# Practical machine learning and deep learning. Lab 3

# Deep Learning in Natural Language Processing

# [Competition](https://www.kaggle.com/t/4677b08c063f433ba1eb8f3543af90b4)

## Goal

Your goal is to implement Neural Network to classify Amazon Products reviews. 

## Submission

Submission format is described at competition page.

## Data preprocessing

Data preprocessing is an essential step in building a Machine Learning model and depending on how well the data has been preprocessed.

In NLP, text preprocessing is the first step in the process of building a model.

The various text preprocessing steps are:

* Tokenization
* Lower casing
* Stop words removal
* Stemming
* Lemmatization

These various text preprocessing steps are widely used for dimensionality reduction.

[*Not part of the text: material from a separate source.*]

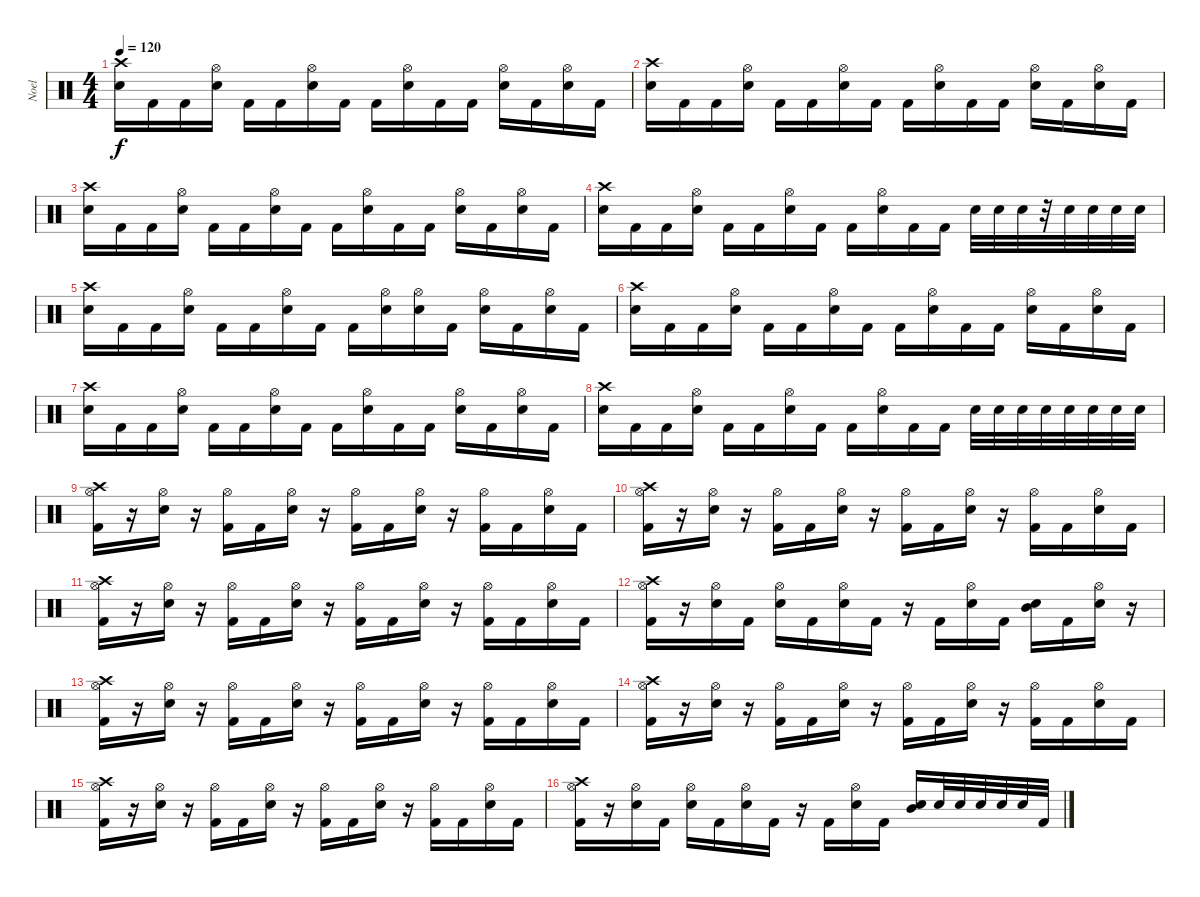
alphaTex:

First, let's read the input data and then perform preprocessing steps

In [None]:
import pandas as pd
import numpy as np
from sklearn.preprocessing import LabelEncoder

train_dataframe = pd.read_csv('/kaggle/input/pmldl-week-3-dl-in-natural-language-processing/train.csv')
test_dataframe = pd.read_csv('/kaggle/input/pmldl-week-3-dl-in-natural-language-processing/test.csv')

train_dataframe.head()

In the training data we have `4` features (`Title`, `Helpfulness`, `Score` and `Text`) with target category (`Category`). For the test features are the same, except for target column.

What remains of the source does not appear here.